It was late when he arrived at Nome, nevertheless a diligent search

of the Front Street saloons failed to locate either man. He was still

looking for them when they came riding in.



With their delayed arrival Bill's apprehensions vanished, as likewise

did his imaginary toothache. He had feared that they were in the habit

of bringing the gold to Nome, there perhaps to bank it with some

friend; but now he knew that they were too cautious for that, and

preferred instead to cache it somewhere in the hills. This simplified

matters immensely, so Bill looked up his little doctor for a sociable

visit.



Thomas was in his office; he greeted Bill warmly.

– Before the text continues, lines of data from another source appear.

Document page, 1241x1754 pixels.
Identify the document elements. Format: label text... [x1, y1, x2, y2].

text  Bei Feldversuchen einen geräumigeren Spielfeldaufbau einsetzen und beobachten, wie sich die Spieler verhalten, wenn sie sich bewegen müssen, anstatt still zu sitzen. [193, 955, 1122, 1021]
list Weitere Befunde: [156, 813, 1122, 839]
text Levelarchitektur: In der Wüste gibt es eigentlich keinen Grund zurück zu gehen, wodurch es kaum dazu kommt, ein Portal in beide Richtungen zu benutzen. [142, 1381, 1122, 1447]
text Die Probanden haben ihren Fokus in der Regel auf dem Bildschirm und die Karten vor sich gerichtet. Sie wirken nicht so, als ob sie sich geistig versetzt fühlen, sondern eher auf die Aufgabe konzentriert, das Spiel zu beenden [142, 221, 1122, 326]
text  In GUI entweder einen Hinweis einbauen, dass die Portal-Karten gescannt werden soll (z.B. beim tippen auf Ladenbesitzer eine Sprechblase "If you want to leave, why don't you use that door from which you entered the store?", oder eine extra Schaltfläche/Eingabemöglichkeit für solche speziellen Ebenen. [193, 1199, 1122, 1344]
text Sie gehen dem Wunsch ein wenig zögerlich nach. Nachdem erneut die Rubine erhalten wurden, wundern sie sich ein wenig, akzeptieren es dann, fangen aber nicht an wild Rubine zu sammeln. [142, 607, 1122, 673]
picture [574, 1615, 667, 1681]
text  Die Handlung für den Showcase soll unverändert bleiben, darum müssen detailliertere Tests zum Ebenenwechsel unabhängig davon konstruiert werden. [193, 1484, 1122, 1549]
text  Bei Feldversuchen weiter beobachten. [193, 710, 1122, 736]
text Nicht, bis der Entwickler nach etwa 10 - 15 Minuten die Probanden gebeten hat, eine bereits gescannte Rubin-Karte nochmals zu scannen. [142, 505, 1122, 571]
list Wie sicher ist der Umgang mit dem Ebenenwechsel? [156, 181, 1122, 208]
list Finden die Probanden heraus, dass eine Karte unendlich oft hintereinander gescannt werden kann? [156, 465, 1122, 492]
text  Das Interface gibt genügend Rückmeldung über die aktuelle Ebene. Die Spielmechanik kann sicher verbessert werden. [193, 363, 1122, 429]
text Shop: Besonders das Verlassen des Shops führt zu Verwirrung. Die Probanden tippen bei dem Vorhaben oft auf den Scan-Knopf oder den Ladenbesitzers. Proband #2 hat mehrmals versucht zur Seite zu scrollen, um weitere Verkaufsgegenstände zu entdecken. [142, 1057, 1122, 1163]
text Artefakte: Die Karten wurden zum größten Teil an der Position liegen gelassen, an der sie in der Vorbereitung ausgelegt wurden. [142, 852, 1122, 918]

"Say! Pill-rolling must be brisk to keep you on the job till

midnight," the latter began.



"Business is rotten!" exclaimed the physician. "And it's a rotten

business."



"Nobody sick? That's tough. Open a can of typhoid germs, and I'll put

'em in the well. Anything to stir up a little trade."



"I've just balanced my books and--I've just heard from Alice."



"Do the books balance?"



"Oh, perfectly--nothing equals nothing--it's a perfect equilibrium.

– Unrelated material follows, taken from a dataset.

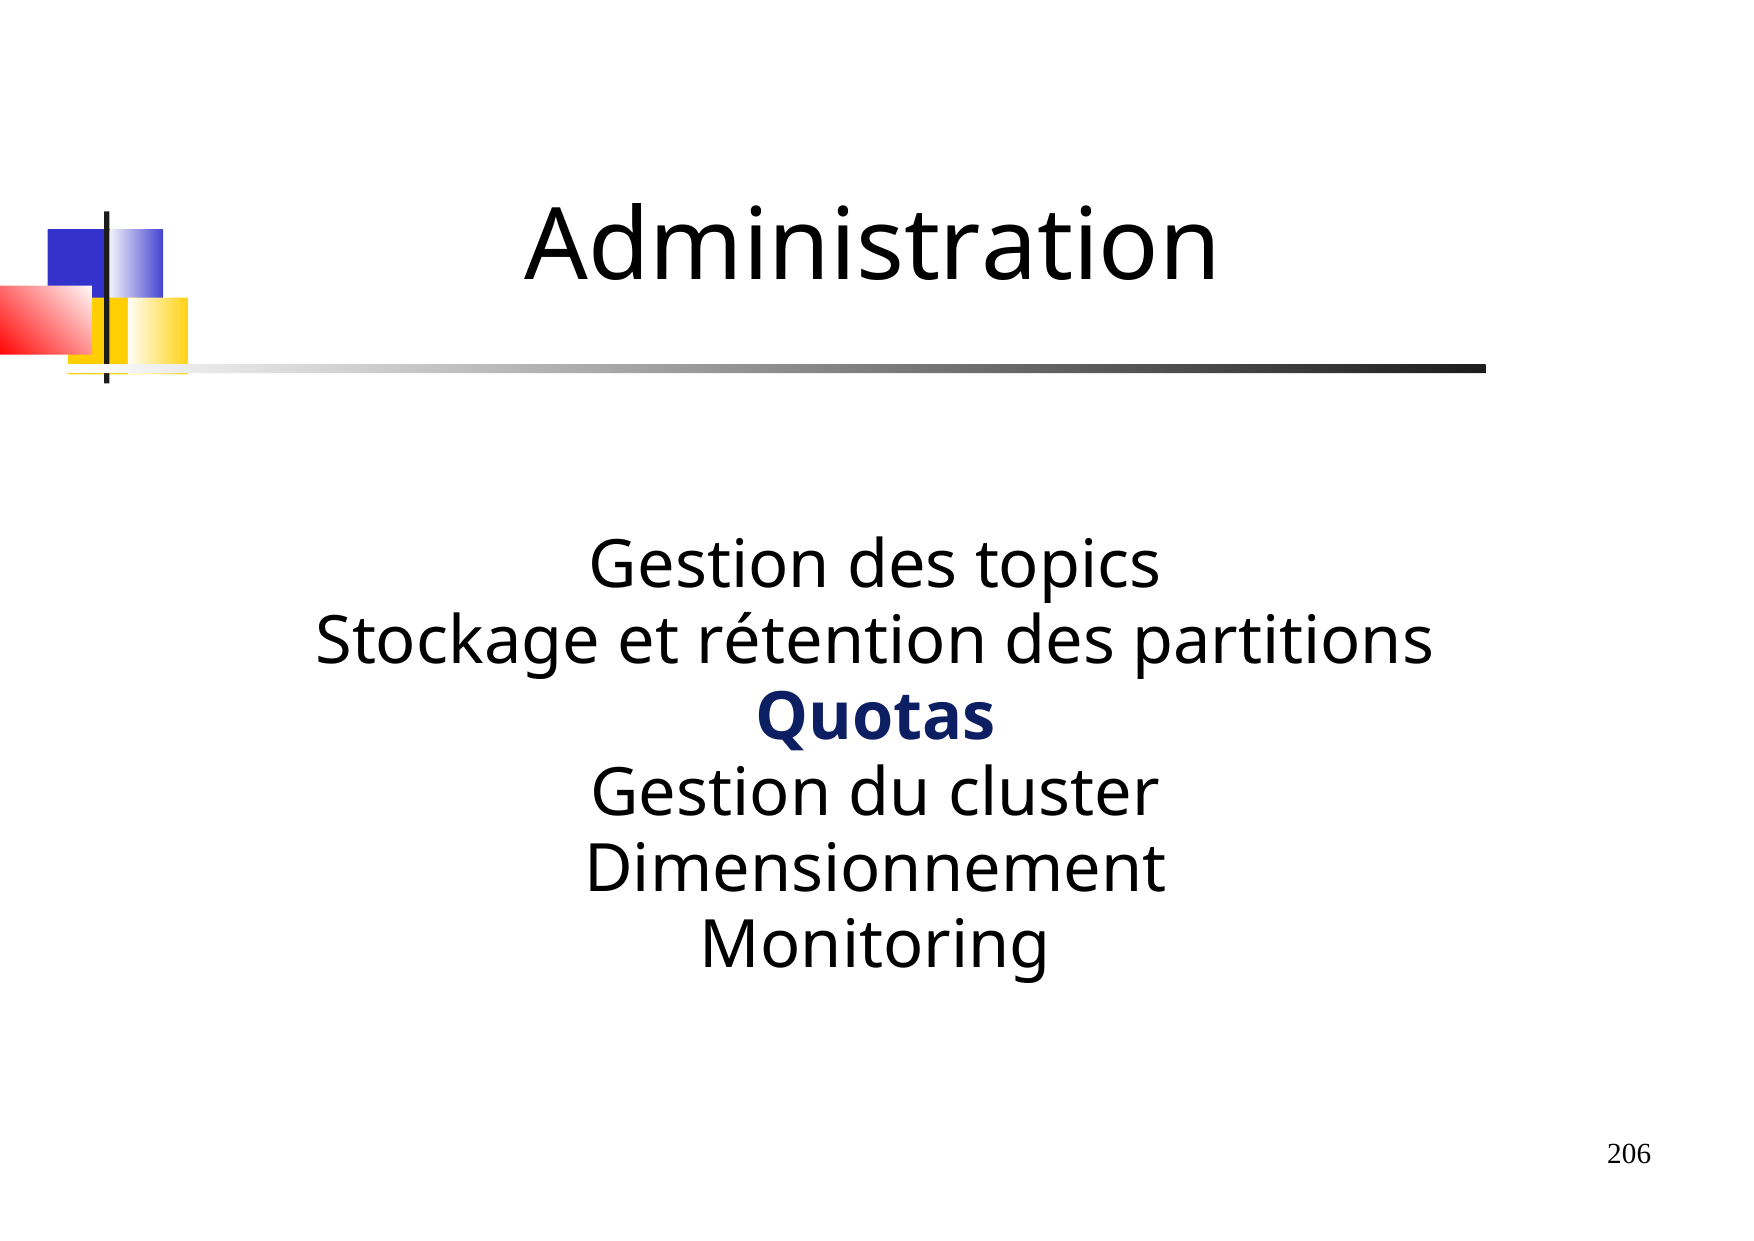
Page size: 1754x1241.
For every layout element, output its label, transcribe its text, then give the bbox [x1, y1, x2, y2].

subtitle Gestion des topics Stockage et rétention des partitions Quotas Gestion du cluster Dimensionnement Monitoring [179, 371, 1567, 1091]
title Administration [179, 139, 1567, 351]

Alice wants me to come home and start all over, and I'm tempted to do

so."



"Ain't going to throw up your tail, are you?"



"I can't get along without her." Thomas was plainly in the depths; he

turned away and stared moodily out into the dim-lit street. It was

midnight, but already the days were shortening, already there was an

hour or two of dusk between the evening and the morning light.



"Of course you can't get along without her," the ex-bandit agreed. "I

seen that when I looked at her picture. Why don't you bring her in?"



"Bring her in--here?" Thomas faced about quickly. "Humph! Not much."



"Well, this ain't no doll's village, that's a fact. It's full of

wicked men, and the women ain't wuth braggin' over. S'pose we go out

and marry her?"



"We?" Thomas smiled for the first time.



"Sure. I'll stick to the bitter finish."



"I'm broke, Bill."



"Pshaw, now! Don't let that worry you. I got money."



"You?" The doctor was surprised. "Where did you get it?"



"Well, I got it! That's the main thing. It was--left to me."



"Honestly?"



"What d'you mean, 'honestly'?"



"How much?"



"I dunno, exactly. You see, I ain't got it actually in my mit--"



"Oh!"



"But I'll have it, all righto. It's just waiting for me to close down

on it. I reckon there must be a thousand gold buzzards in the stack,

mebby more. It's all yours."



"Thanks!" said the physician, unimpressed.



"Look me in the eye." Bill spoke earnestly. "Twenty thousand iron men

ain't so bad. It'll buy a lot of doll's clothes. We can have a big

party--I ain't kidding!" Then reading amused incredulity in his

friend's face he demanded: "How you know I ain't got a rich uncle that

raised me from a colt and that broke his heart at me runnin' away and

turning out wild, and has had lawyers gunnin' for me ever since he

knew he was gettin' old and going to croak? How you know that, eh?"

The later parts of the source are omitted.